Immer mehr Budget und Personal fließen in die Besetzung offener Stellen. Dabei müssten Unternehmen viel weniger recruiten, wenn sie auf stärkere Mitarbeiterbindung setzen würden. Wir schauen in diesem Artikel darauf, warum sich Investitionen in die Zufriedenheit der Angestellten langfristig auszahlen und mit welchen Maßnahmen man der Fluktuation von Mitarbeitenden vorbeugt.
Vielleicht kennst du das Szenario: Schon wieder haben ein paar Kolleg:innen gekündigt, sie wurden von der Konkurrenz abgeworben oder sie wollen „den nächsten Schritt“ in einem anderen Unternehmen machen.

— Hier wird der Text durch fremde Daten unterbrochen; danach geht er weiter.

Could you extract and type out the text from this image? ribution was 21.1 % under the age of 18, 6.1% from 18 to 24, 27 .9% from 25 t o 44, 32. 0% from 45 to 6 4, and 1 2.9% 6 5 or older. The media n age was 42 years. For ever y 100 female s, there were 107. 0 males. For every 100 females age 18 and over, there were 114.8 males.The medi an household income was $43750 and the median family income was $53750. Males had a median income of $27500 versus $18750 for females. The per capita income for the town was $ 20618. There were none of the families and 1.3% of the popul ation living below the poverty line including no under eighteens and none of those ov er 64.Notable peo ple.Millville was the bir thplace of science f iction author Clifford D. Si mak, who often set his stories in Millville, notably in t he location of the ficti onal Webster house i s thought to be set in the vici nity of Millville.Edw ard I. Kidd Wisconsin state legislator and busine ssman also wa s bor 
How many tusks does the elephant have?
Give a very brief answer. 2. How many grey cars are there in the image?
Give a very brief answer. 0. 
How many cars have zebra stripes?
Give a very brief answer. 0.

Für die Besetzung der offenen Positionen werden alle Register gezogen: aufwändige Stellenanzeigen, kostspieliges Headhunting, zeitintensive Bewerbungsrunden. Trotzdem dauert es und ehe eine Stelle besetzt ist, muss schon eine neue Vakanz gefüllt werden.
Während alle das Recruiting-Problem vor Augen haben, fehlen Zeit und Budget, um in die Bedürfnisse und Weiterentwicklung der bestehenden Kolleg:innen zu investieren. Die Folge: Unzufriedenheit, Kündigungen und noch mehr offene Stellen. Ein Teufelskreis.

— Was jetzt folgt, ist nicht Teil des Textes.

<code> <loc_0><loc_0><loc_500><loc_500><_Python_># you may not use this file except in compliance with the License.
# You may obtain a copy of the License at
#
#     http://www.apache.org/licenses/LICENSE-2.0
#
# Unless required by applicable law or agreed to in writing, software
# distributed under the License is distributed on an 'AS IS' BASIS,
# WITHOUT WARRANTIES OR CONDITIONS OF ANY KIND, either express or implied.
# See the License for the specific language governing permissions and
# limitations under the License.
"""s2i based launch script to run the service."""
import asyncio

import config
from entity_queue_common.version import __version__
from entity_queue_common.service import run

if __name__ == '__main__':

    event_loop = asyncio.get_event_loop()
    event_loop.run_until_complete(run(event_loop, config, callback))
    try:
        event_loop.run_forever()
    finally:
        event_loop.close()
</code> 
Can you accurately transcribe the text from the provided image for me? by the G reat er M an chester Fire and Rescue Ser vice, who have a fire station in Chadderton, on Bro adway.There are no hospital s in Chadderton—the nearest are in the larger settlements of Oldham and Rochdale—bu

Aber wie kann man daraus ausbrechen? Am besten mit gezielten Maßnahmen zur Mitarbeiterbindung.
Was ist Mitarbeiterbindung?
Mitarbeiterbindung beschreibt die langfristige Anstellung von Mitarbeitenden im Unternehmen. Es ist Aufgabe der Personalabteilung, die Verbundenheit von Angestellten und Arbeitgeber durch gezielte Maßnahmen aufzubauen und zu stärken.

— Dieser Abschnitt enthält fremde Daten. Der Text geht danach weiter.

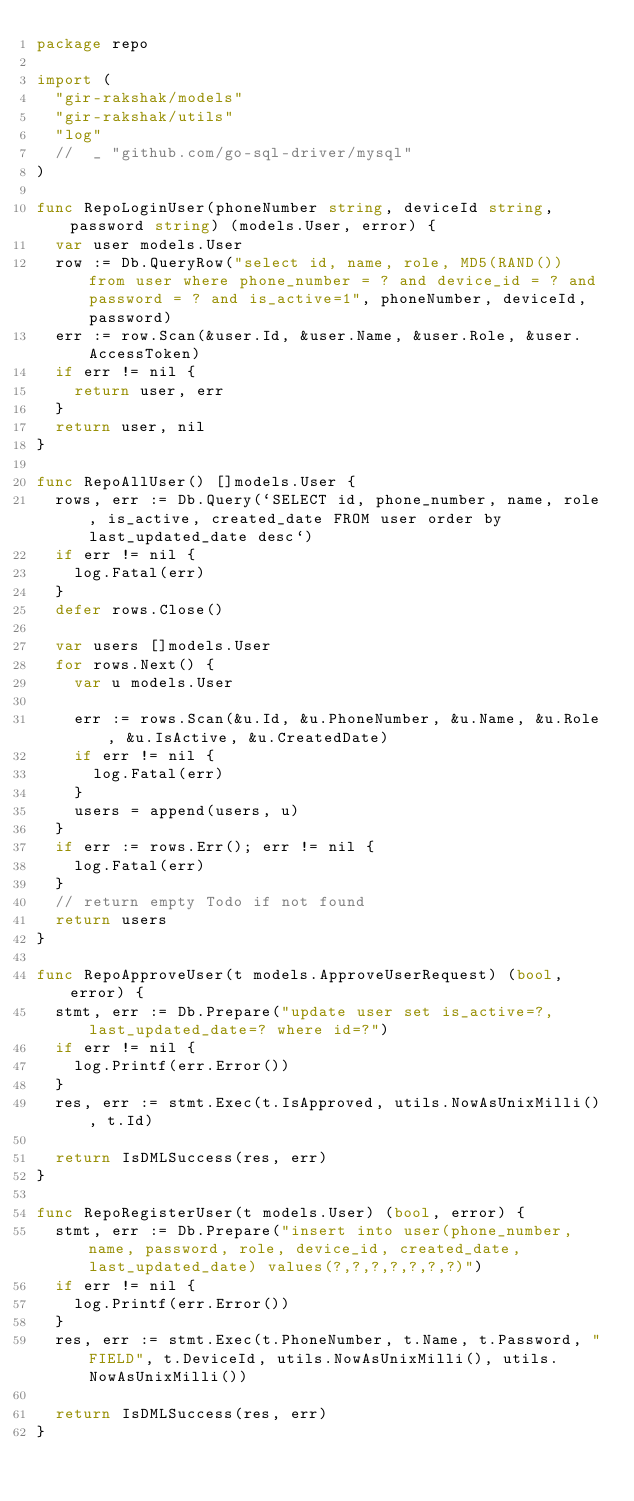<code> <loc_0><loc_0><loc_500><loc_500><_Go_>package repo

import (
	"gir-rakshak/models"
	"gir-rakshak/utils"
	"log"
	//	_ "github.com/go-sql-driver/mysql"
)

func RepoLoginUser(phoneNumber string, deviceId string, password string) (models.User, error) {
	var user models.User
	row := Db.QueryRow("select id, name, role, MD5(RAND()) from user where phone_number = ? and device_id = ? and password = ? and is_active=1", phoneNumber, deviceId, password)
	err := row.Scan(&user.Id, &user.Name, &user.Role, &user.AccessToken)
	if err != nil {
		return user, err
	}
	return user, nil
}

func RepoAllUser() []models.User {
	rows, err := Db.Query(`SELECT id, phone_number, name, role, is_active, created_date FROM user order by last_updated_date desc`)
	if err != nil {
		log.Fatal(err)
	}
	defer rows.Close()

	var users []models.User
	for rows.Next() {
		var u models.User

		err := rows.Scan(&u.Id, &u.PhoneNumber, &u.Name, &u.Role, &u.IsActive, &u.CreatedDate)
		if err != nil {
			log.Fatal(err)
		}
		users = append(users, u)
	}
	if err := rows.Err(); err != nil {
		log.Fatal(err)
	}
	// return empty Todo if not found
	return users
}

func RepoApproveUser(t models.ApproveUserRequest) (bool, error) {
	stmt, err := Db.Prepare("update user set is_active=?, last_updated_date=? where id=?")
	if err != nil {
		log.Printf(err.Error())
	}
	res, err := stmt.Exec(t.IsApproved, utils.NowAsUnixMilli(), t.Id)

	return IsDMLSuccess(res, err)
}

func RepoRegisterUser(t models.User) (bool, error) {
	stmt, err := Db.Prepare("insert into user(phone_number, name, password, role, device_id, created_date, last_updated_date) values(?,?,?,?,?,?,?)")
	if err != nil {
		log.Printf(err.Error())
	}
	res, err := stmt.Exec(t.PhoneNumber, t.Name, t.Password, "FIELD", t.DeviceId, utils.NowAsUnixMilli(), utils.NowAsUnixMilli())

	return IsDMLSuccess(res, err)
}
</code>

Oft wird in diesem Zusammenhang auch vom Retention Management gesprochen, das für die Erstellung von Strategien, Programmen und konkreten Maßnahmen umgesetzt wird.
Vier Formen von Mitarbeiterbindung
Von finanziellen und persönlichen Entwicklungschancen über die Identifikation mit den Unternehmenswerten bis hin zur emotionalen Beziehung zwischen Angestellten und Organisation – Mitarbeiterbindung ist vielschichtig und findet auf unterschiedlichen Ebenen statt:
- Emotionale Bindung beschreibt die Verbundenheit der Mitarbeitenden auf emotionaler Ebene durch positive Erfahrungen, Wertschätzung und ein unterstützendes Arbeitsumfeld.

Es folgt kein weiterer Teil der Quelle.